More and more employers are looking at share schemes as a way of rewarding their employees. In this blog we look at the tax implications where you receive shares from your employer. The tax implications here typically depends on the type of scheme provided.

The different types of share schemes include:

Approved Profit Sharing SchemesThe tax implications where you receive shares from your employer

This allows a full or part-time employee or a full-time director to receive shares tax free from their employer up to an annual limit of €12,700 provided certain conditions are met. Shares appropriated to employees on or after 1 January 2011 under Revenue approved profit sharing schemes will continue to be exempt from income tax but will be subject to employee’s PRSI and the universal social charge.


Share Options

A share option arises when a company grants to its employees or directors an option to subscribe for shares in the company at a preferential price. A taxable benefit arises when the predetermined share price is less than the market value.

The amount liable to tax is the difference between the market value of the shares at the exercise date and the price you actually pay. This liability arises at the date you exercise the option. Capital Gains Tax may also be payable on the shares if they increase in value from the date you exercise the option.

If you receive stock options from your employer, you are liable to tax under self-assessment in respect of the profit arising from the stock options. Income tax is payable to the collector general 30 days from the date of exercise of stock options. You should complete Form RTSO1 and forward it together with a cheque for the income tax to the Collector General. You should also submit details of the share options received on your annual tax return – Form 11. USC and PRSI must also be paid at the same time as the income tax using RTSO1.

The income tax payable is 40% of the net cheque received – i.e. 40% of the difference between the sales price of the shares less the option price. If you think that your entire income tax liability for the year will be chargeable at the standard rate of income tax (currently 20%) you must obtain prior approval from Revenue to pay tax at the standard rate.


SAYE (Save as You Earn Scheme)

SAYE is the most common form of a saving related share options scheme. It contains a contractual savings scheme with a share options scheme. Under an approved SAYE scheme a company grants options over shares to its employees.

These schemes operate by allowing the employee to save between €12 and €500 per month out of their net income over a 3, 5 or 7 year period in order to finance the purchase of the shares. Any interest or bonus paid on the savings contract will be exempt from tax including DIRT.

Options granted through a SAYE scheme approved by the Revenue Commissioners will not be liable to income tax on either grant or exercise provided the option is not exercised before the third anniversary of the grant. After this time any disposal of the shares will trigger Capital Gains Tax based on the excess of the net sales proceeds over the actual option price. Gains on options granted on or after 1 January 2011 will be subject to PRSI and USC.
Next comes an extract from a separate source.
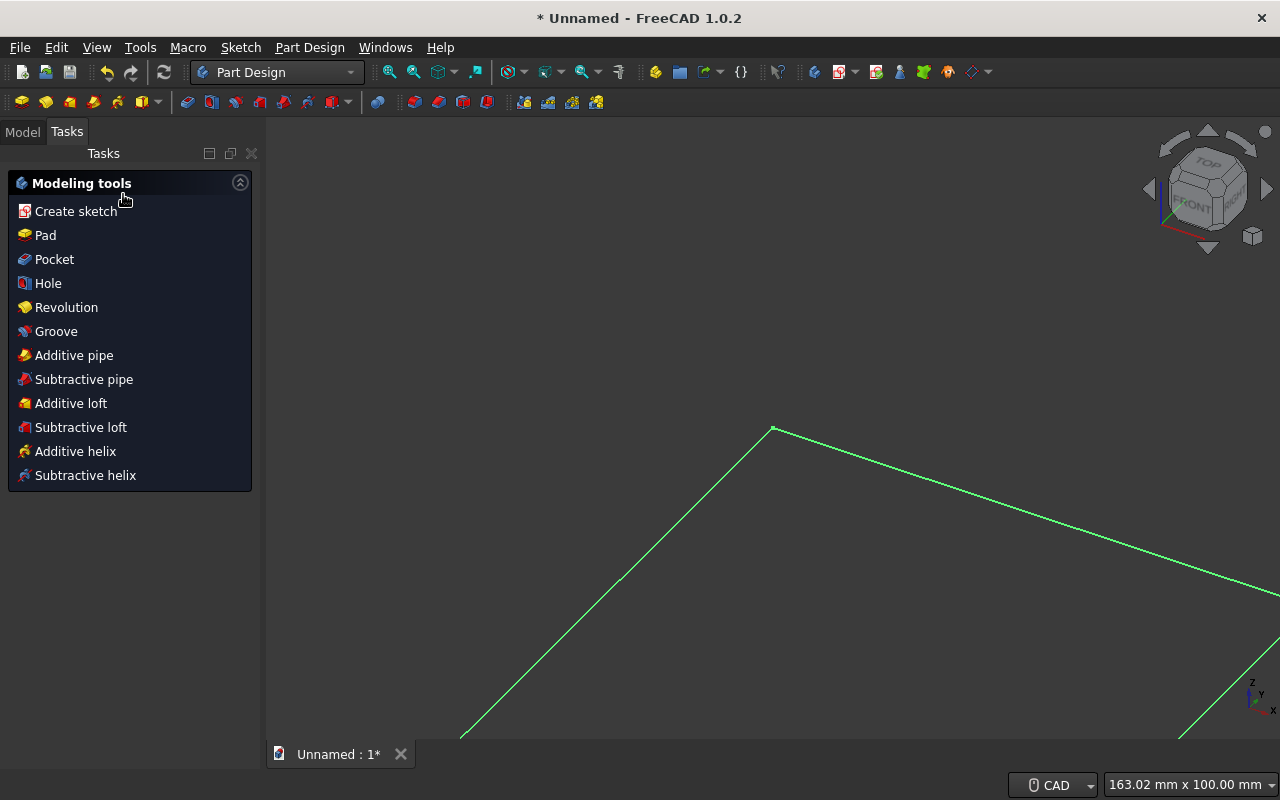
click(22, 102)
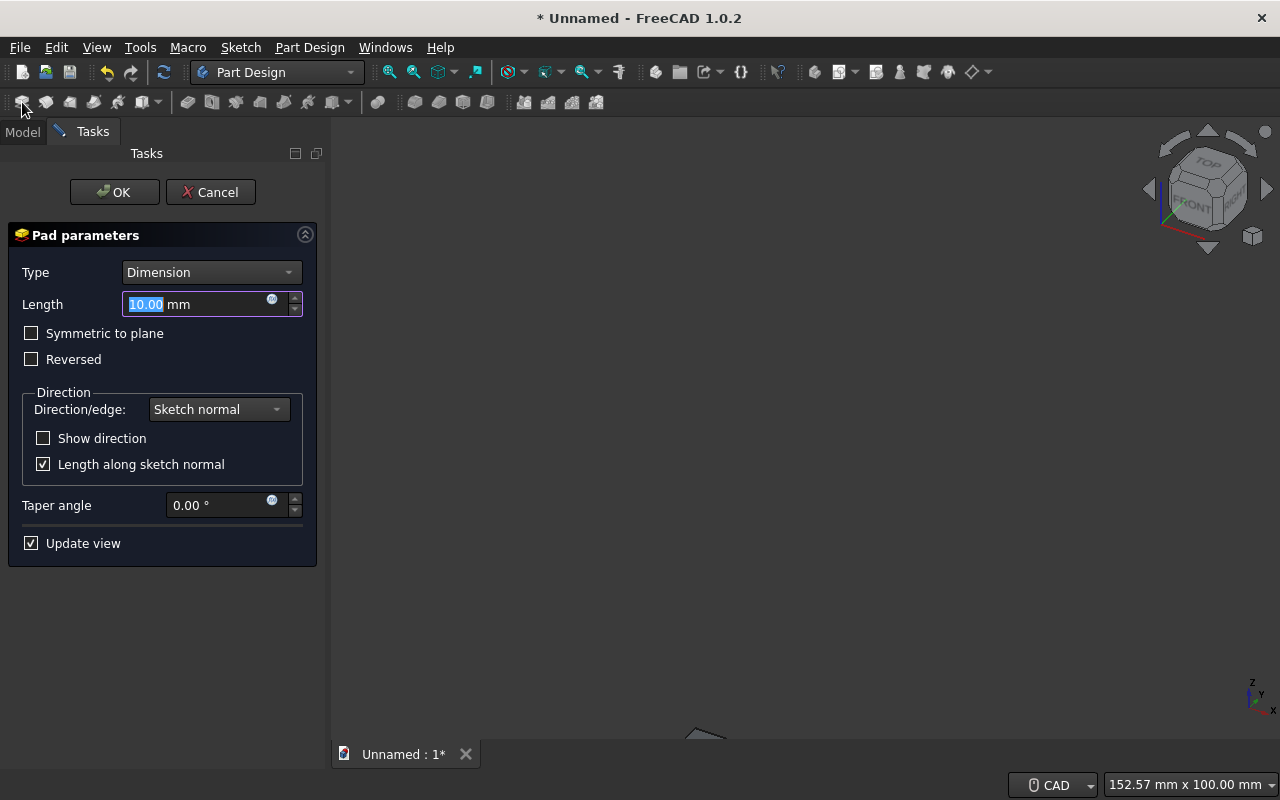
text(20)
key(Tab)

ESPP (Employee Share Purchase Plan)

This operates whereby a fixed amount is deducted from your salary every month. After the end of a fixed period you purchase shares in your employers company at a discounted price. This discount is a taxable benefit and subject to income tax. Capital Gains Tax will be payable on the eventual sale of the shares. An employee may be prohibited from selling the shares for a couple of years, Revenue will allow an abatement in the income tax charge depending on the number of years of the prohibition on the disposal.


RSU (Restricted Stock Unit)

This is a promise to an employee to the effect that on completion of a vesting period they will receive a number of shares. The income tax charge arises on the date of vesting of a RSU or where the shares pass to the employee on a date prior to the date of vesting.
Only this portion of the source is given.